Here's my latest
article on Collier's Magazine.
Spain Again, Seventy Years After
Before leaving Montreal for Madrid a friend gave me a heads-up. He
had traveled to both Russia and Spain this year and told me that the
Spanish police were much worse than their Russian counterparts. He said
that if I was within striking distance of a cop and his truncheon,
whether I was involved in a protest or not, I would be considered fair
game, and also that being with the press or wearing something that said
prensa would not protect me. With 25% of the country out of work and fed
up with the government and its austerity cuts or recortes, the police,
he said, were showing no mercy. Men, women, teenagers, it didn't matter;
if you were in the wrong place at the wrong time you could expect to be
hit. Someone had given them a green light to get the job done the old
fashioned way, and it showed. On the 25th and 26th of September, the
Spanish were shocked to see news reports of the Policia Nacional
savagely clubbing and shooting demonstrators with rubber bullets in
front of the Congreso de los Diputados. For a country that had endured
36 years of Fascist rule, it was a bit much. Police brutality was not
something to be taken lightly, and while the transition to democracy
after Francisco Franco's death had for the most part worked, it didn't
mean that the secret torture chambers and the unmarked graves of the
fascist era had been forgotten. The memories were still there and with
every clash between the police and the protestors, the Spanish could
judge for themselves whether or not anything had changed since the
1930s.
But was history really repeating itself, I thought? Was Spain, as it
struggled to survive in a worldwide economic crisis, on the brink of
something catastrophic? And if so, who or what was to blame and was
there any solution to these problems? Certainly a case could be made
that the country in 2012 has more in common with 1936 then it does with
the period immediately preceding the Wall Street collapse. Before the
crash everyone was making money, and in the small town where I lived in
2006 just east of Malaga, it was obvious why the British had jokingly
renamed the Costa del Sol the “Costa del Crane.” Everyone was building.

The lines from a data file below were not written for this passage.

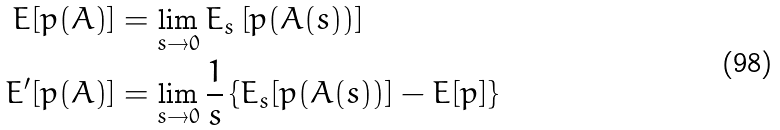Convert formula to latex. <formula><loc_0><loc_0><loc_500><loc_500>E [ p ( A ) ] & = \lim _ { s \to 0 } E _ { s } \left [ p ( A ( s ) ) \right ] \\ E ^ { \prime } [ p ( A ) ] & = \lim _ { s \to 0 } \frac { 1 } { s } \left \{ E _ { s } [ p ( A ( s ) ) ] - E [ p ] \right \}</formula> 
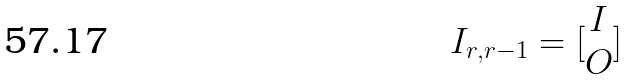<formula> <loc_0><loc_0><loc_500><loc_500>I _ { r , r - 1 } = [ \begin{matrix} I \\ O \end{matrix} ]</formula> 
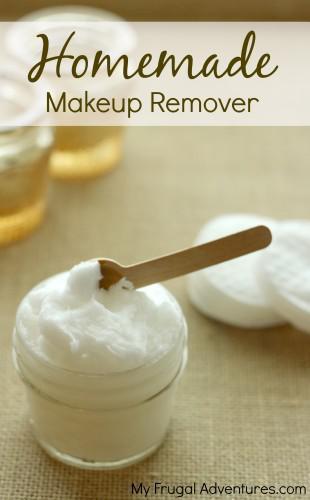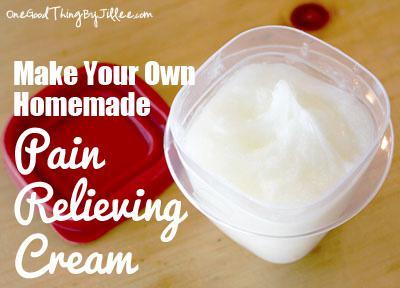The first image is the image on the left, the second image is the image on the right. Evaluate the accuracy of this statement regarding the images: "There are no spoons or spatulas in any of the images.". Is it true? Answer yes or no. No. The first image is the image on the left, the second image is the image on the right. Evaluate the accuracy of this statement regarding the images: "None of the creams are green.". Is it true? Answer yes or no. Yes. 
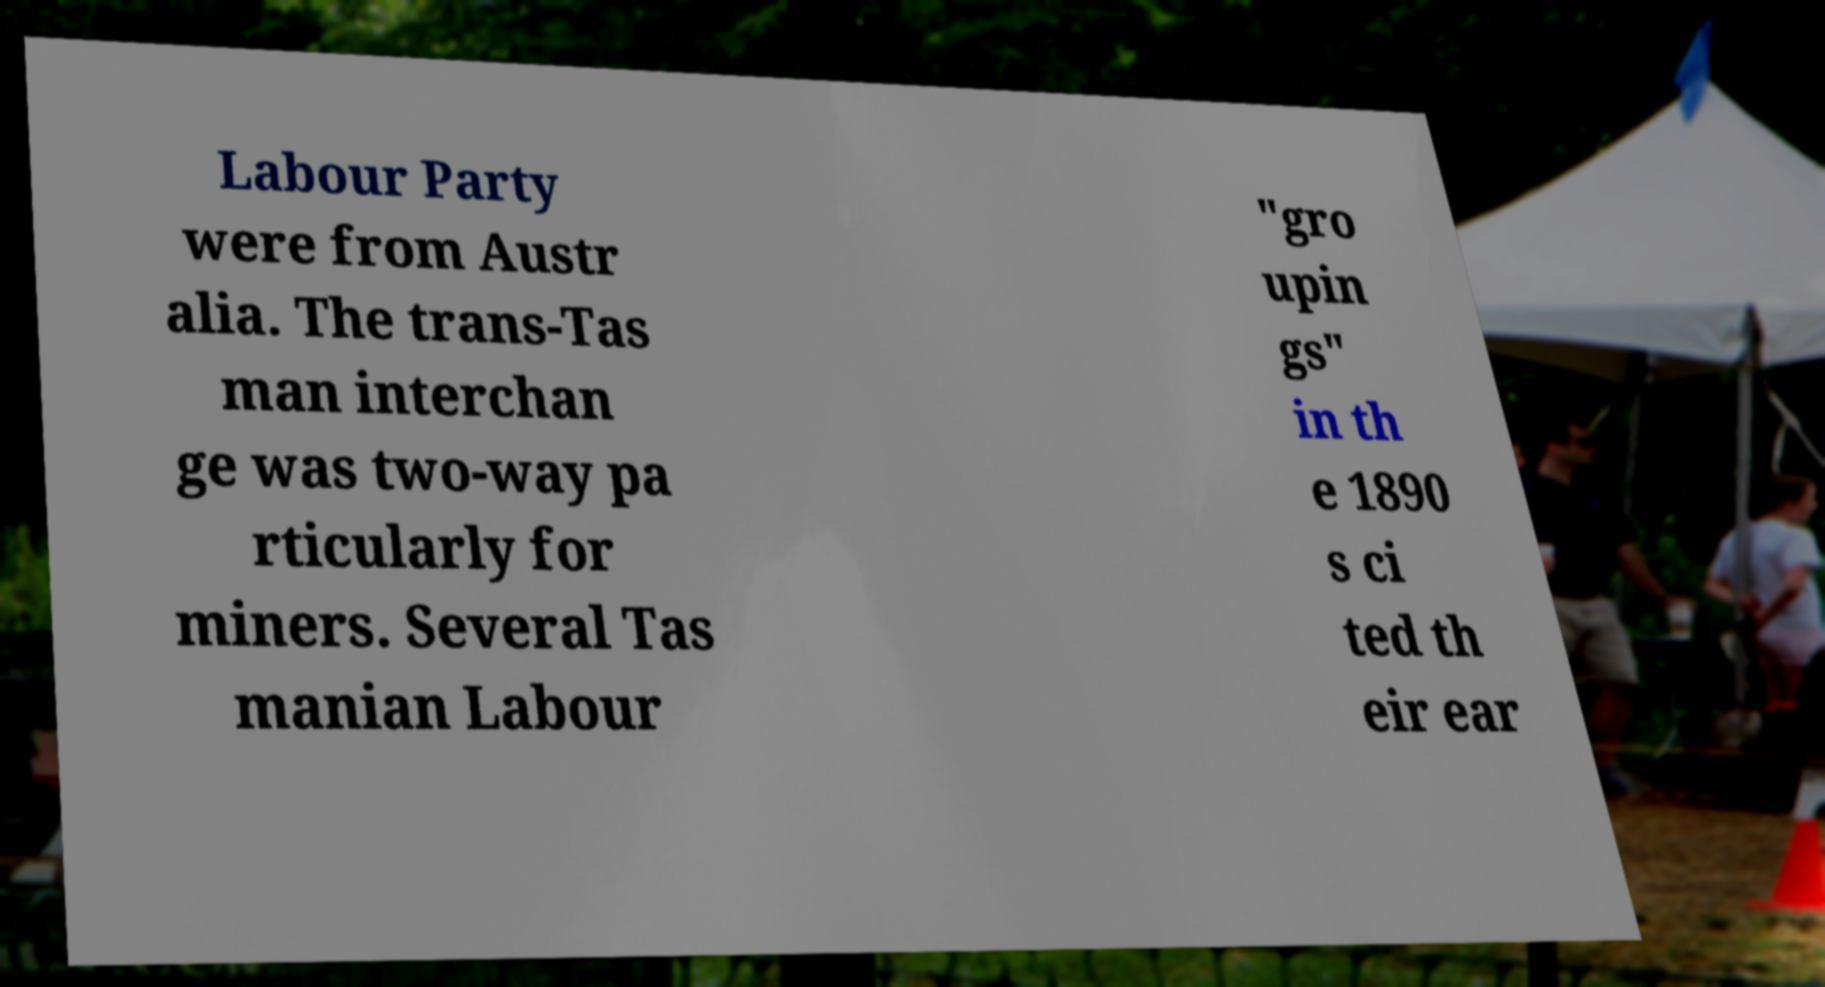Could you assist in decoding the text presented in this image and type it out clearly? Labour Party were from Austr alia. The trans-Tas man interchan ge was two-way pa rticularly for miners. Several Tas manian Labour "gro upin gs" in th e 1890 s ci ted th eir ear

There was a mad rush by anyone with any kind of land to sell it as fast
as they could to the developers of the Nuevas Urbanizaciones (the new
subdivisions). They were springing up in an almost Brazilian way
wherever you looked: European favellas complete with structural faults
and in some cases no running water. My own apartment building had been
built on a hill and had a large visible crack dividing the upper section
from the lower section. You could see it in the outside wall, and I
asked one of my neighbors if the structure was actually splitting in
two, but he assured me that it was just the ground that was settling and
that it would take a while.
Like all property bubbles this one didn't last and when it collapsed
the economic engine of the country disappeared with it. Unemployment
skyrocketed, people started to default on their mortgages, and the mood
of the country went south. Since 2008, over 400,000 have been evicted
from their homes and my grandfather would have certainly recognized the
anger and frustration the average Spaniard faced with such bleak
economic prospects. He would have also recognized a government that is
essentially powerless to stop the international forces that are bearing
down on the country, but that at the same time are aiding and abetting
these forces as it soldiers on with the austerity budgets demanded by
the Germans, the IMF, the E. U. and the big banks.
The Andalusian writer, Antonio Muñoz Molina, who was the head of the
Instituto Cervantes in NYC and now teaches at NYU, is not a friend of
the Rajoy government, nor does he approve of its austerity policies.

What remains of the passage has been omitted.